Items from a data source

———

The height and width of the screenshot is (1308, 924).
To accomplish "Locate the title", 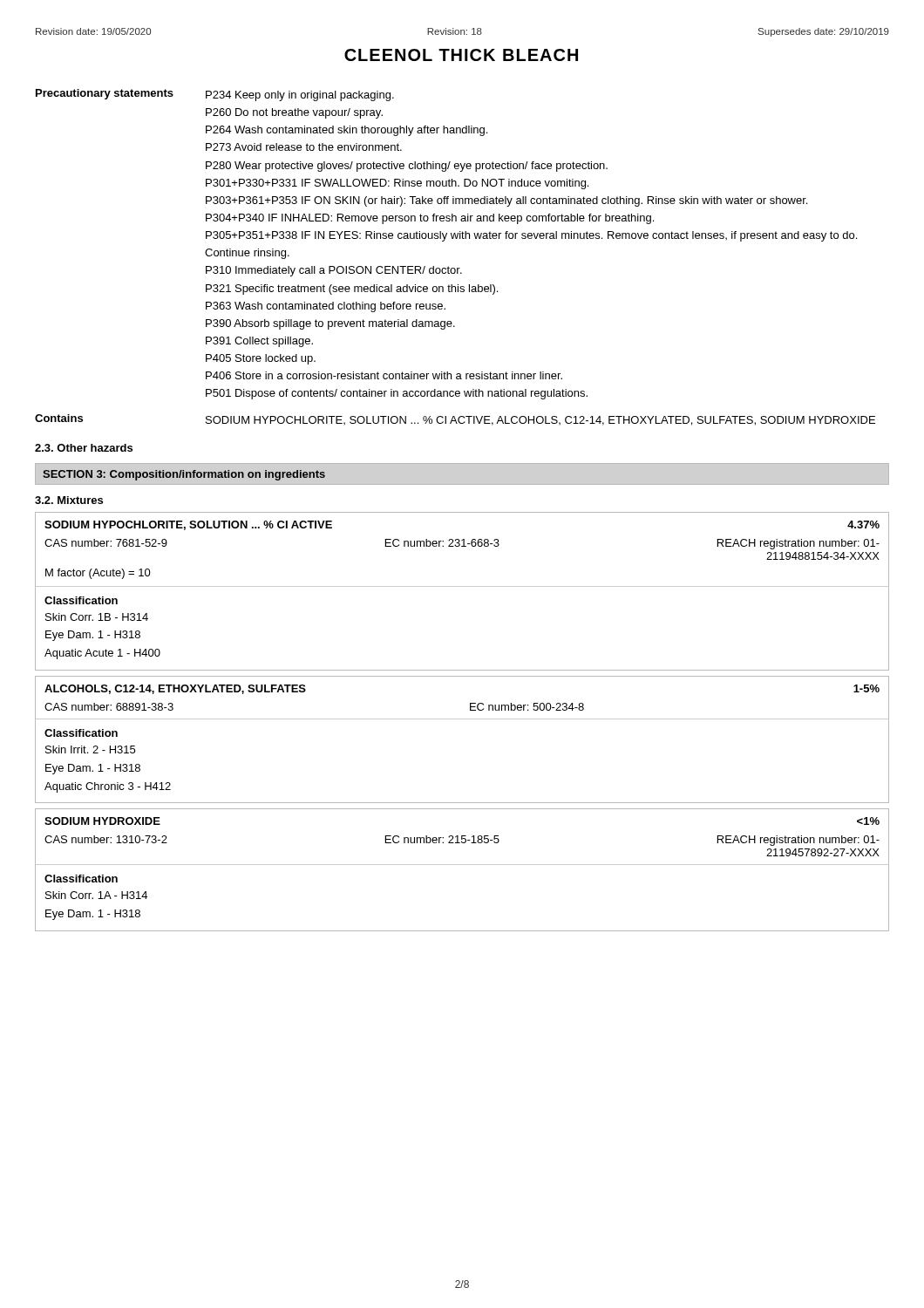I will 462,55.
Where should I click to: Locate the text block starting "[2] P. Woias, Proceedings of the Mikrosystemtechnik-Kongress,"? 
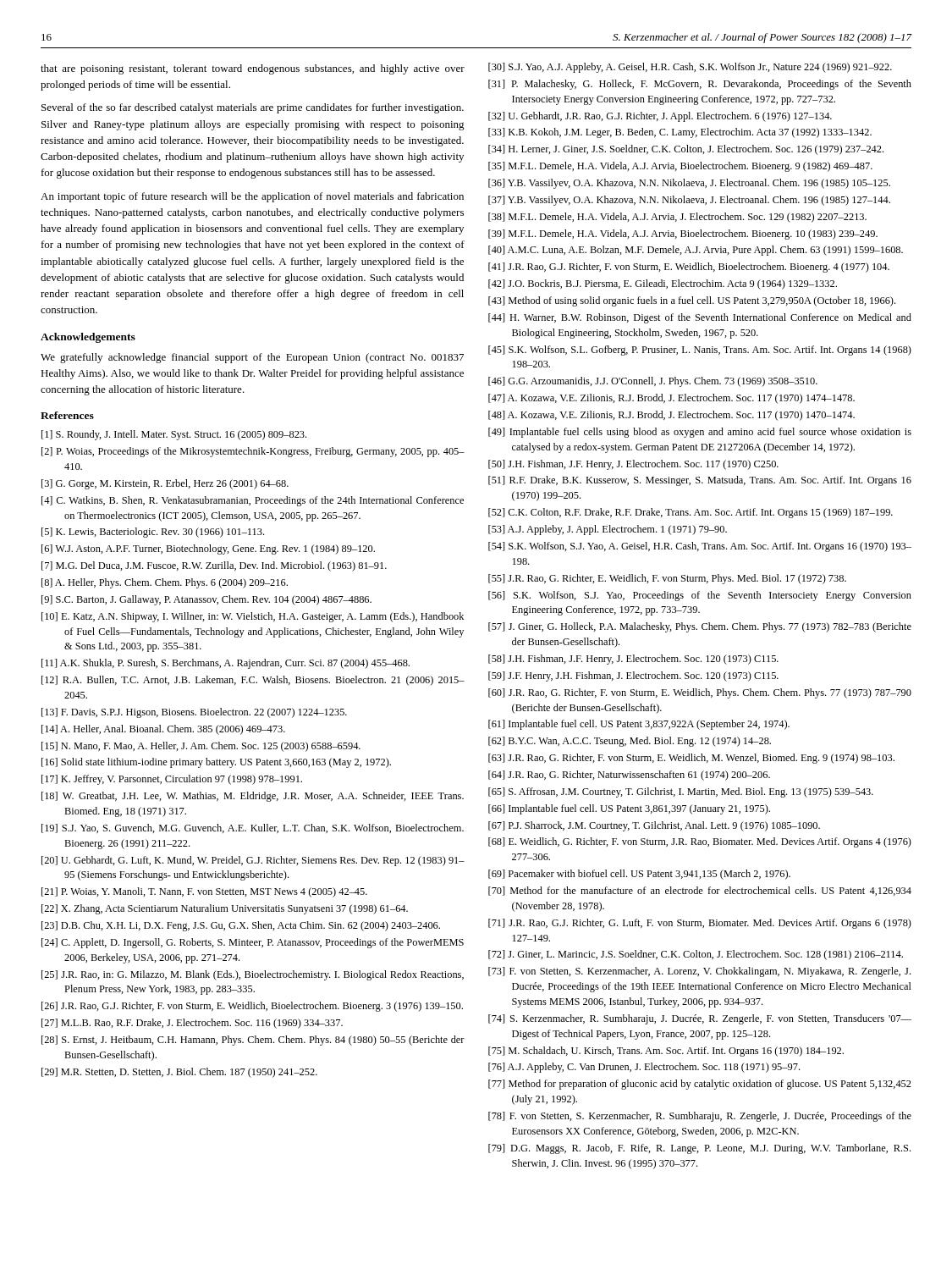pos(252,459)
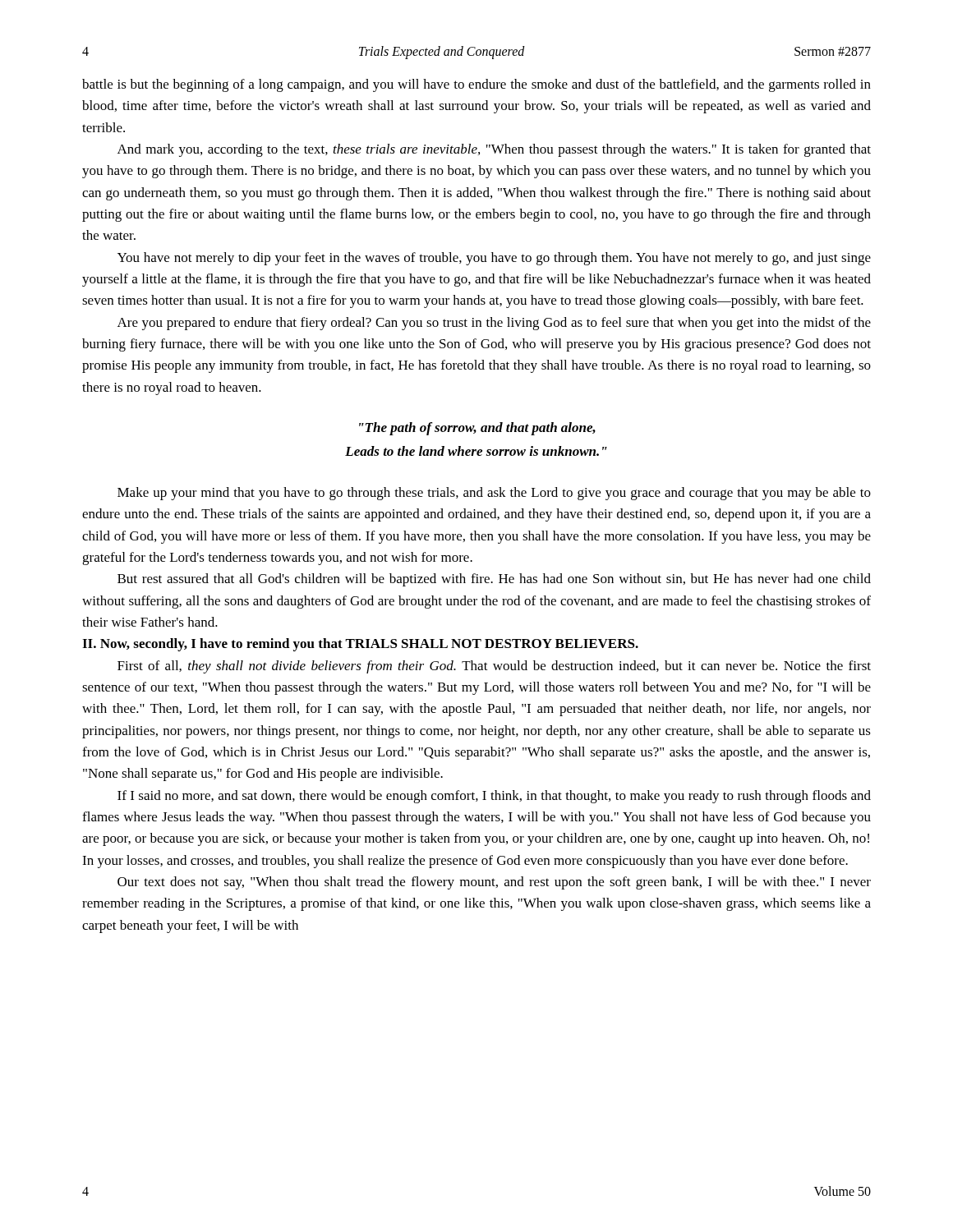The height and width of the screenshot is (1232, 953).
Task: Point to the element starting "Make up your mind that you have"
Action: pos(476,525)
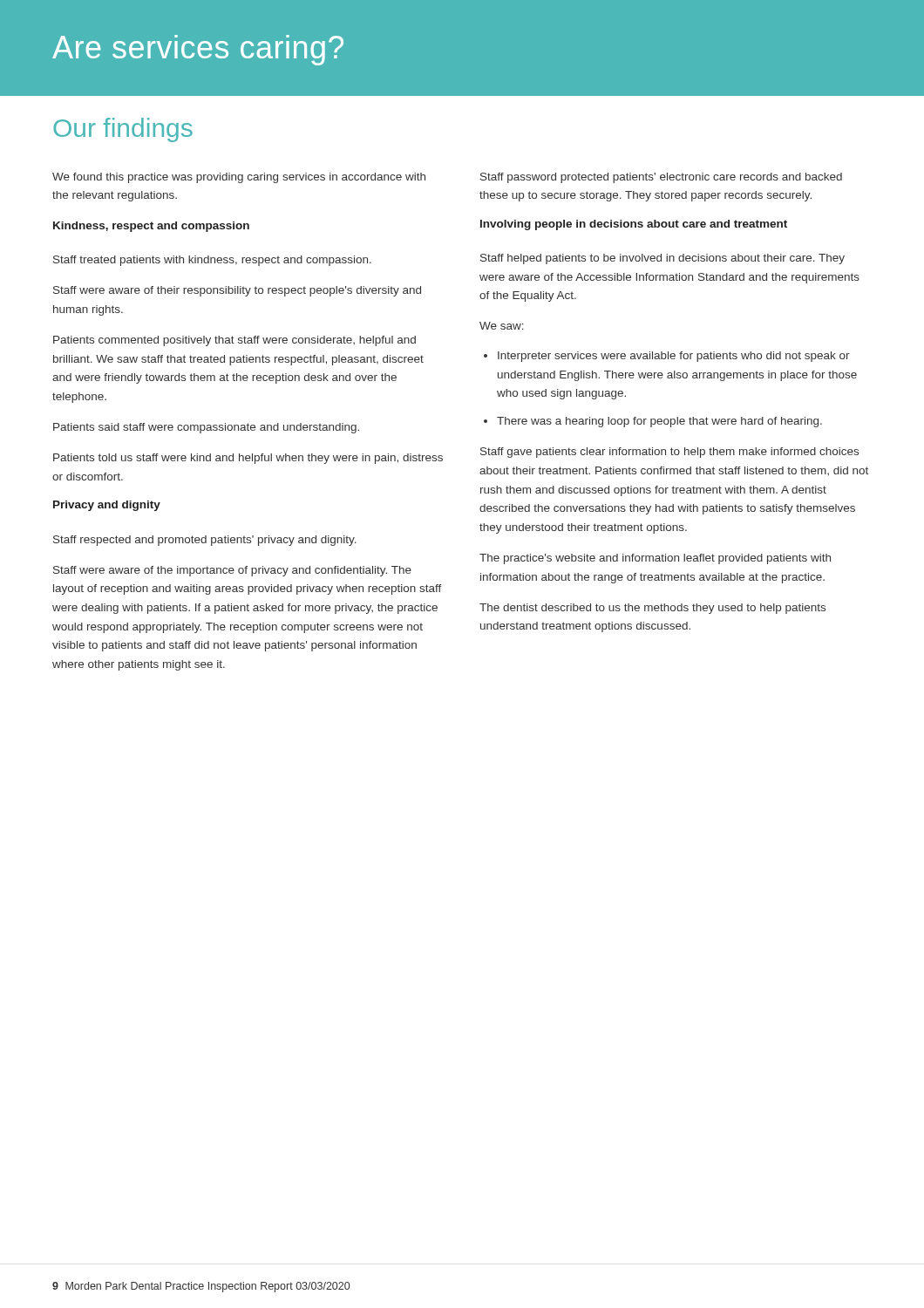Image resolution: width=924 pixels, height=1308 pixels.
Task: Locate the text block starting "Staff password protected patients'"
Action: click(676, 186)
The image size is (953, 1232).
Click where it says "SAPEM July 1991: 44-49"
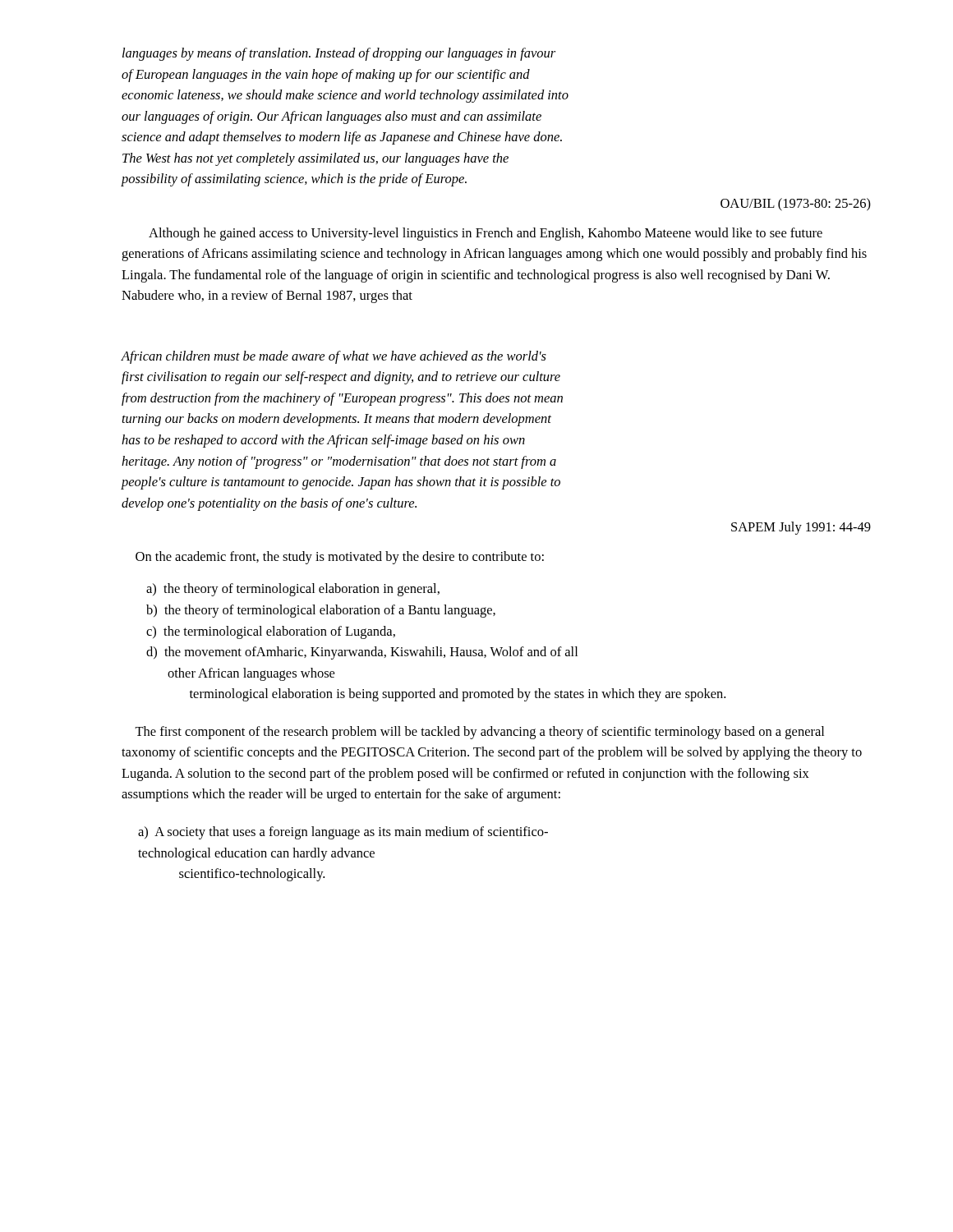(x=801, y=528)
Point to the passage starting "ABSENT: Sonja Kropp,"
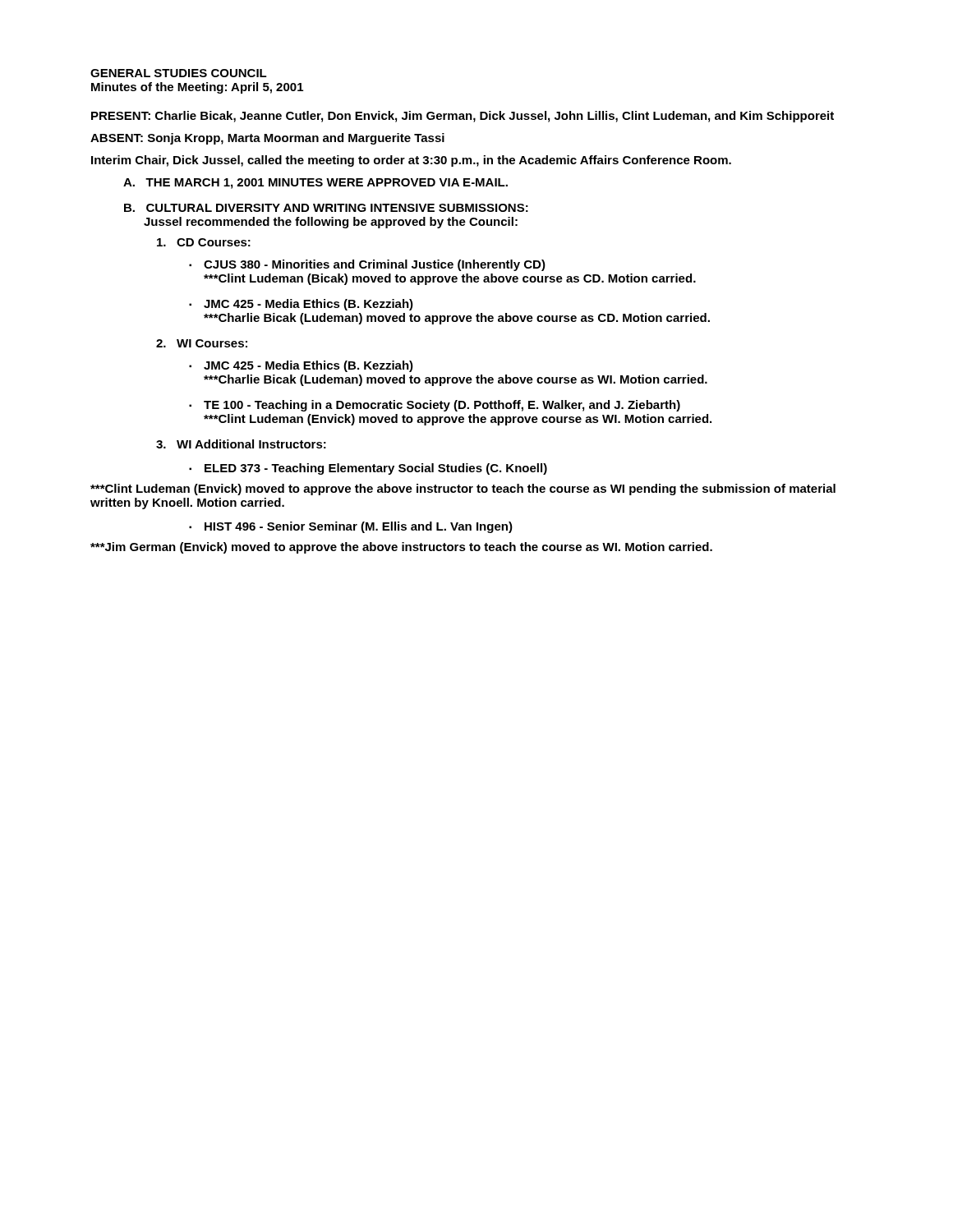This screenshot has height=1232, width=953. pyautogui.click(x=268, y=138)
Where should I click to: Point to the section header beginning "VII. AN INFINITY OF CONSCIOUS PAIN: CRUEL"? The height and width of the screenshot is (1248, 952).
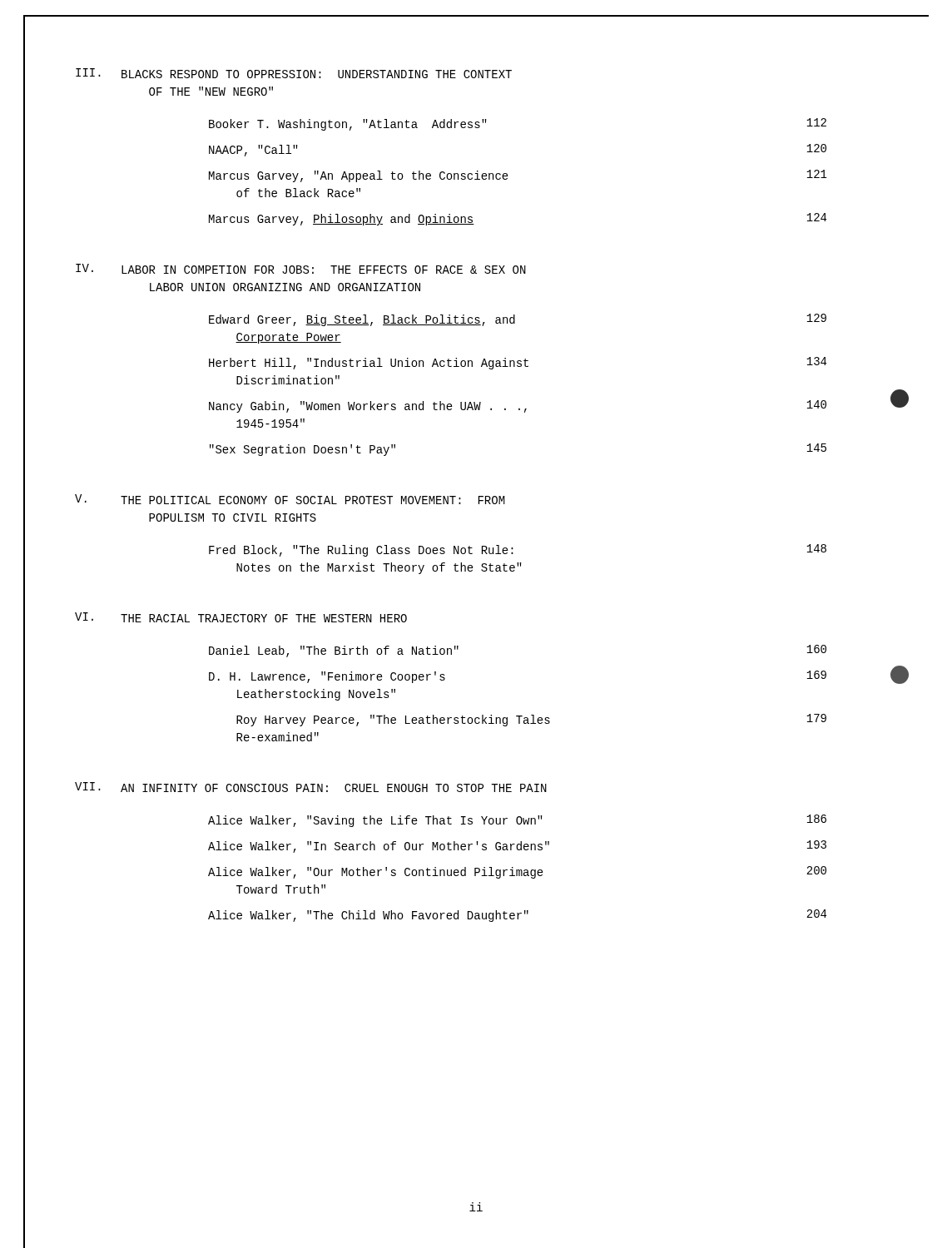coord(311,789)

———

__Work task__:
Each line from the one containing "Where should I click to: Locate" through the last line of the entries above is to be extracted exactly. Pictures are not part of the copy.

__Result for this task__:
Where should I click to: Locate the text block starting "[2] P. Woias, Proceedings of the Mikrosystemtechnik-Kongress,"? 
pos(252,459)
The height and width of the screenshot is (1232, 953).
Task: Point to the element starting "Make up your mind that you have"
Action: pos(476,525)
Image resolution: width=924 pixels, height=1308 pixels.
Task: Locate the text block starting "Staff password protected patients'"
Action: click(676, 186)
The image size is (953, 1232).
Click where it says "SAPEM July 1991: 44-49"
(x=801, y=528)
Point to the passage starting "ABSENT: Sonja Kropp,"
This screenshot has height=1232, width=953. pyautogui.click(x=268, y=138)
Where should I click to: Point to the section header beginning "VII. AN INFINITY OF CONSCIOUS PAIN: CRUEL"? The height and width of the screenshot is (1248, 952).
coord(311,789)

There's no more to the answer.